Task item: Will you write out the data exactly, excluding every picture?
Data provided START
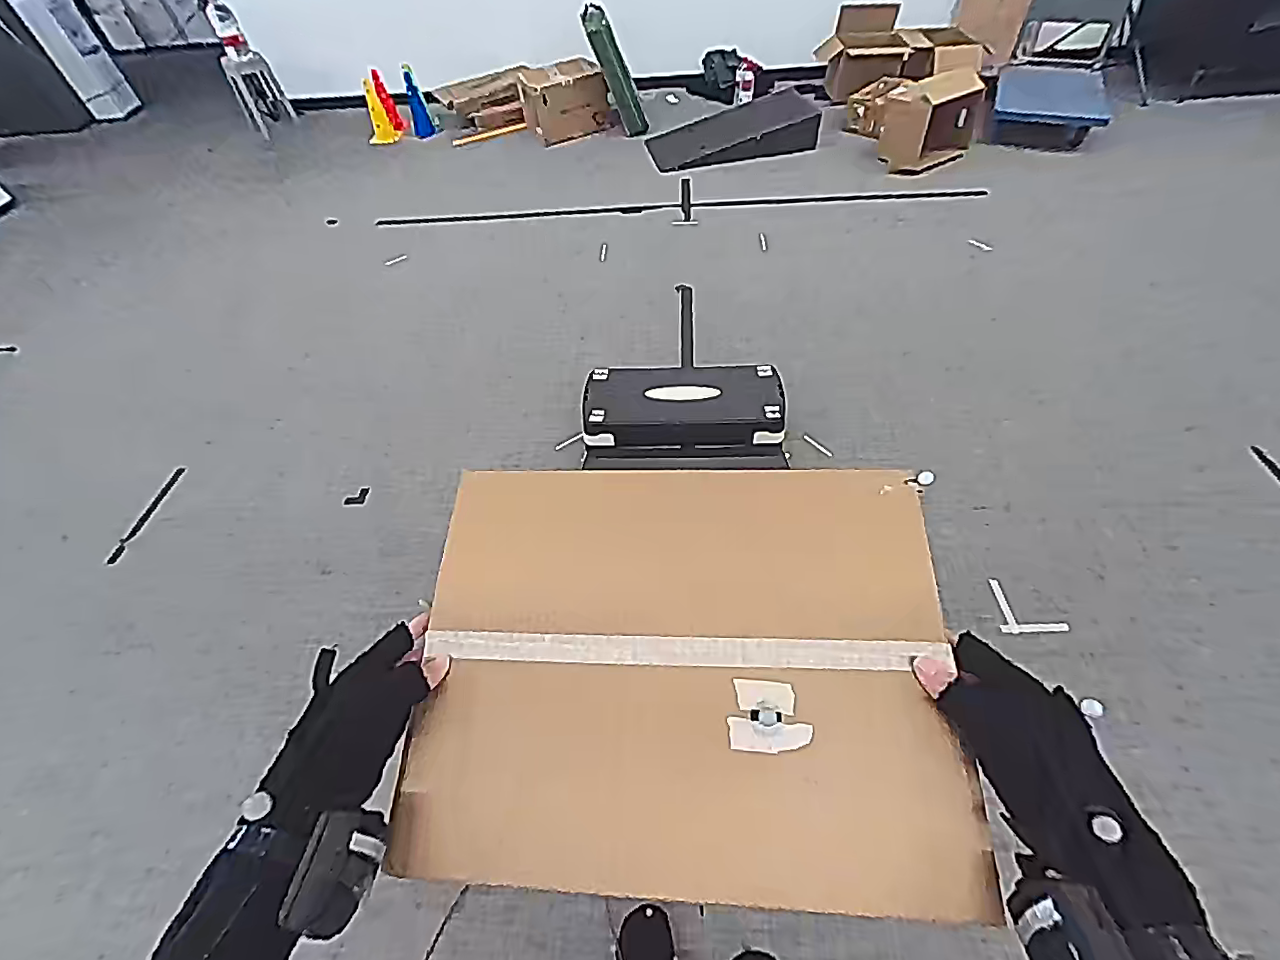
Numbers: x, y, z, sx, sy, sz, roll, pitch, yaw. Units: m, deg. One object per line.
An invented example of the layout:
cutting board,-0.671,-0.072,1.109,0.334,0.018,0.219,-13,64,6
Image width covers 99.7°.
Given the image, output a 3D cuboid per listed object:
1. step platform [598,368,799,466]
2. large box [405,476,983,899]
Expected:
step platform,0.196,-0.223,1.873,0.684,0.204,0.286,-1,52,3
large box,0.044,0.202,0.565,0.408,0.320,0.320,0,64,6
Data provided END
Answer section:
Numbers: x, y, z, sx, sy, sz, roll, pitch, yaw. Units: m, deg. One object per line.
An invented example of the layout:
cutting board,-0.671,-0.072,1.109,0.334,0.018,0.219,-13,64,6
Image width covers 99.7°.
Given the image, output a 3D cuboid per listed object:
1. step platform [598,368,799,466]
2. large box [405,476,983,899]
Expected:
step platform,0.196,-0.223,1.873,0.684,0.204,0.286,-1,52,3
large box,0.044,0.202,0.565,0.408,0.320,0.320,0,64,6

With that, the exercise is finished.